The Nuclear Energy Institute reckons the nation needs a whopping 65 new nuclear plants to meet new demand and to allow for the retirement some of the more than 100 operating reactors.
l Wind is a bright spot. Wind power has proved more effective for most utilities than they thought, and they are now scrambling to find ways to store wind power as compressed air. But while the West and the North have good wind conditions, the Southeast suffers stagnant air at the time it most needs electricity: the summer. It is an energy option that is not open to every utility and because of its dispersed nature, it is not as manageable as a large coal-fired or nuclear plant.

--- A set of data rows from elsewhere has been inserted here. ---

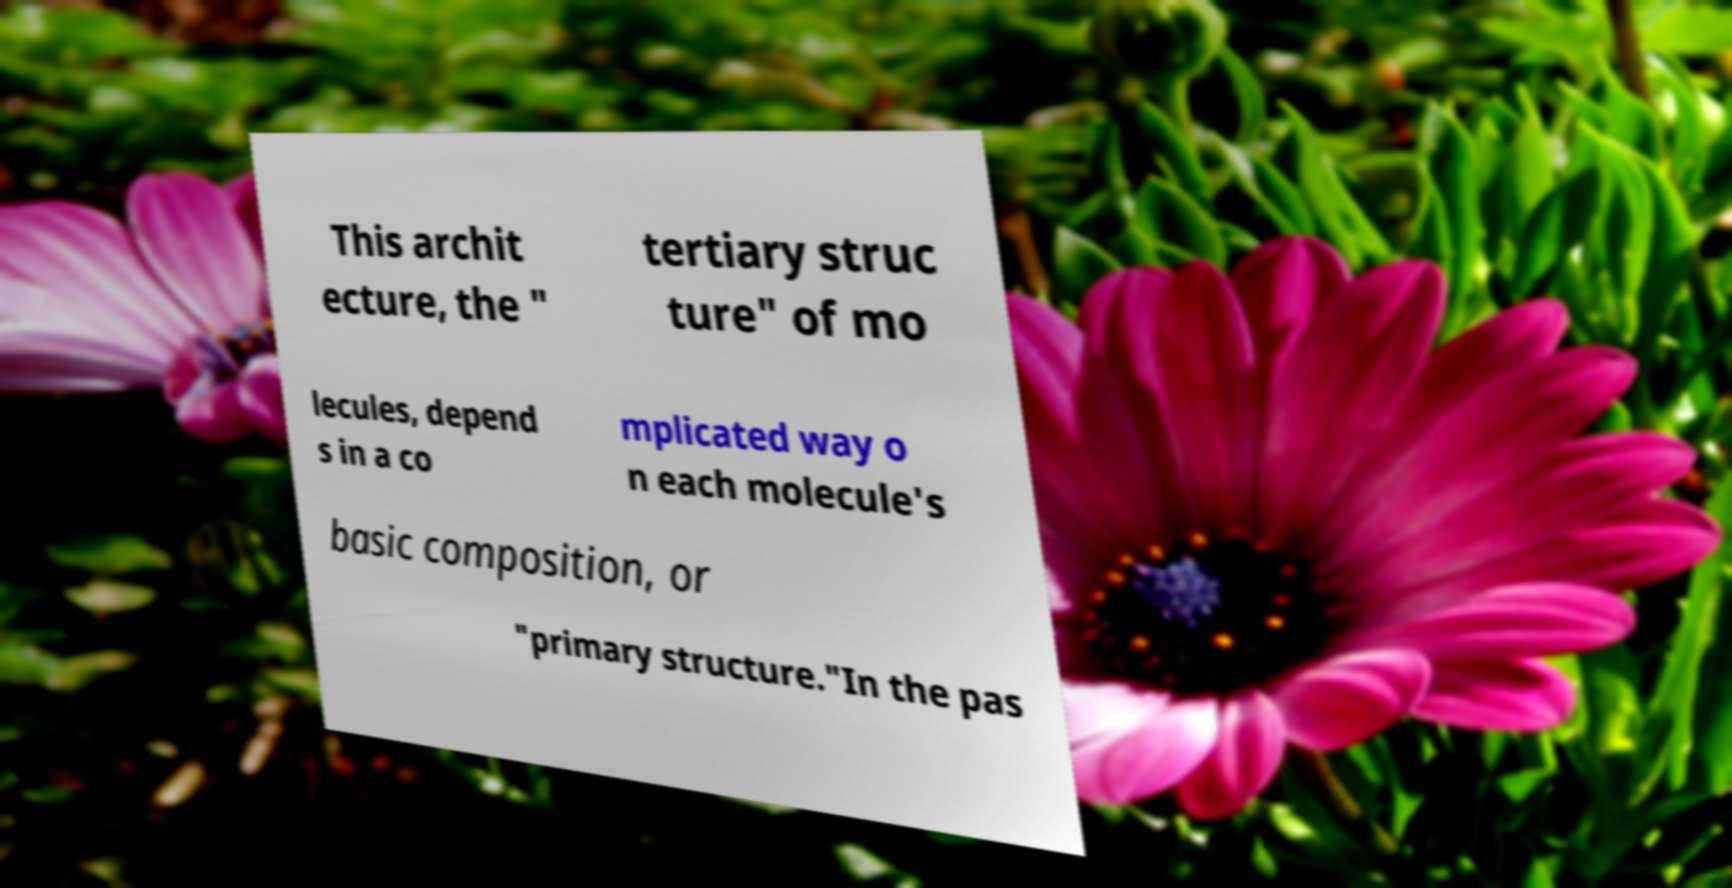Could you assist in decoding the text presented in this image and type it out clearly? This archit ecture, the " tertiary struc ture" of mo lecules, depend s in a co mplicated way o n each molecule's basic composition, or "primary structure."In the pas 
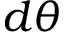Convert formula to latex. <formula><loc_0><loc_0><loc_500><loc_500>d \theta</formula> 
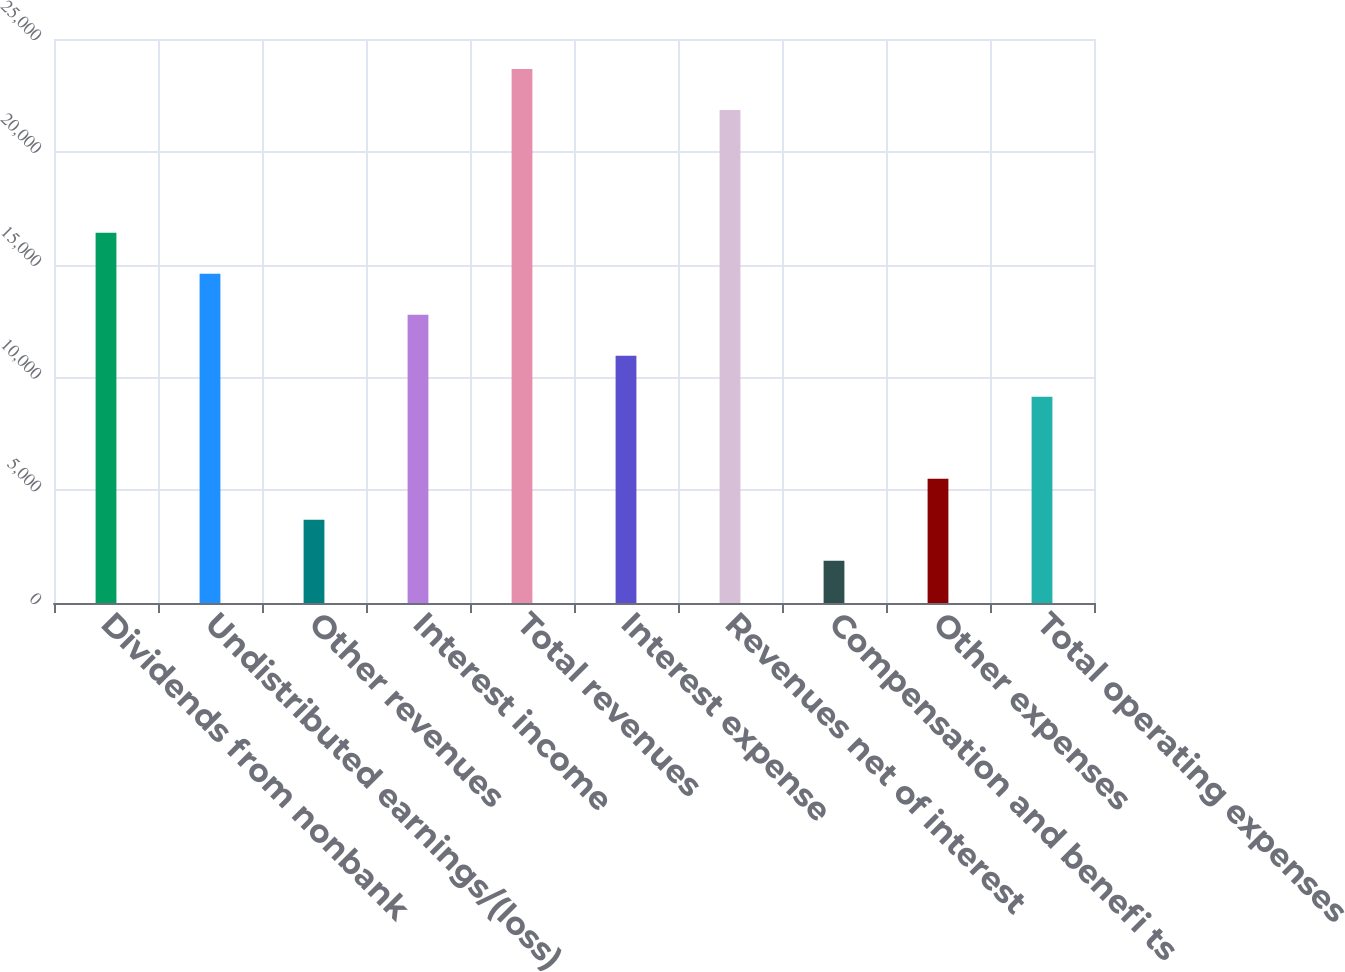Convert chart. <chart><loc_0><loc_0><loc_500><loc_500><bar_chart><fcel>Dividends from nonbank<fcel>Undistributed earnings/(loss)<fcel>Other revenues<fcel>Interest income<fcel>Total revenues<fcel>Interest expense<fcel>Revenues net of interest<fcel>Compensation and benefi ts<fcel>Other expenses<fcel>Total operating expenses<nl><fcel>16407.2<fcel>14590.4<fcel>3689.6<fcel>12773.6<fcel>23674.4<fcel>10956.8<fcel>21857.6<fcel>1872.8<fcel>5506.4<fcel>9140<nl></chart> 
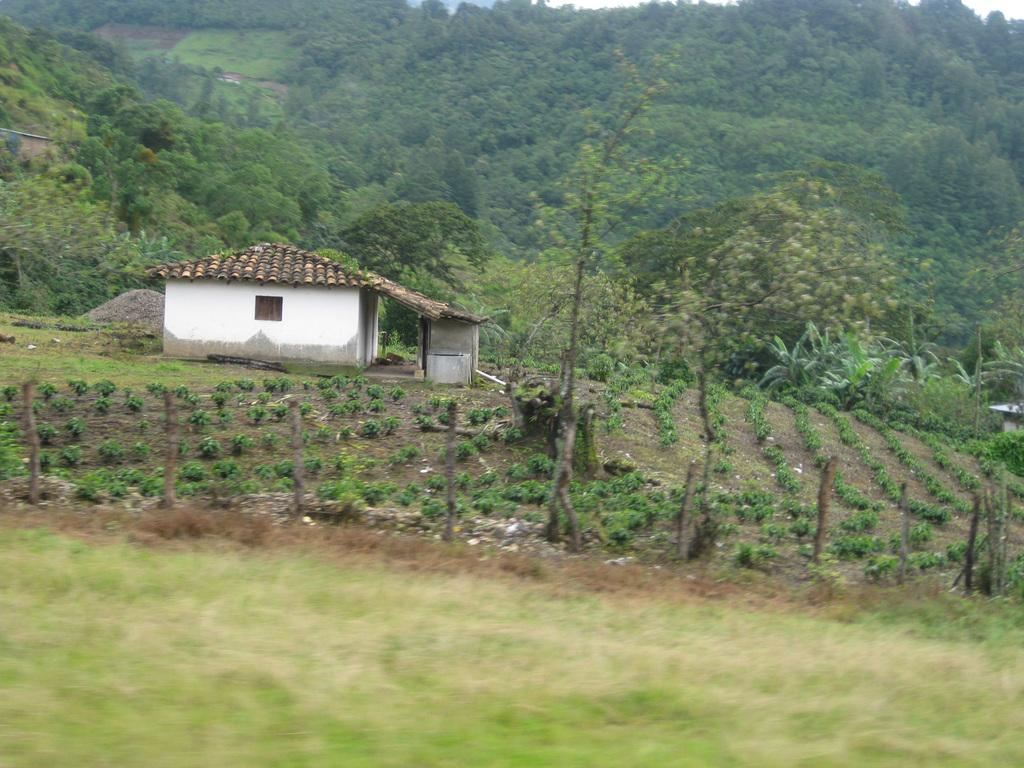What type of structure is present in the image? There is a building in the image. What type of vegetation can be seen in the image? There are shrubs, trees, and wooden fences in the image. What type of landscape feature is present in the image? There are hills in the image. What part of the natural environment is visible in the image? The sky is visible in the image. What type of card is being used by the achiever in the image? There is no card or achiever present in the image.

l Then there is natural gas, which is the most desirable fossil fuel. In the past 25 years, the use of natural gas to turn utility turbines has grown exponentially, from 0 to 30 percent of generation. The trouble is that there is not that much indigenous natural gas around, and there are demands on it for home heating, cooking and fertilizer manufacturing, which are seen as higher uses than making electricity.
This has led to a boom in the import of liquefied natural gas from Asia and the Middle East. But James Rodgers, chief executive officer of Duke Energy, which is a large gas seller as well as a major electric utility, says that this is a dangerous route. By the time the gas gets here, after it has been liquefied and transported in an oil-burning tanker, Rodgers says it is only 20 percent less polluting than coal. Worse, he says this will harness U.S. electric rates to the global cost of oil and gas. That way he sees ruin.
Like their compatriots in the oil industry, utility executives talk a lot about technology coming to the rescue. But so far, there has been nothing that suggests a revolution akin to the one that transformed telephony is in sight. The only really happy thing here in Toronto is the realization that the plug-in hybrid car is coming, and that it will boost utilities’ revenues by recharging overnight when there is a surplus of electricity.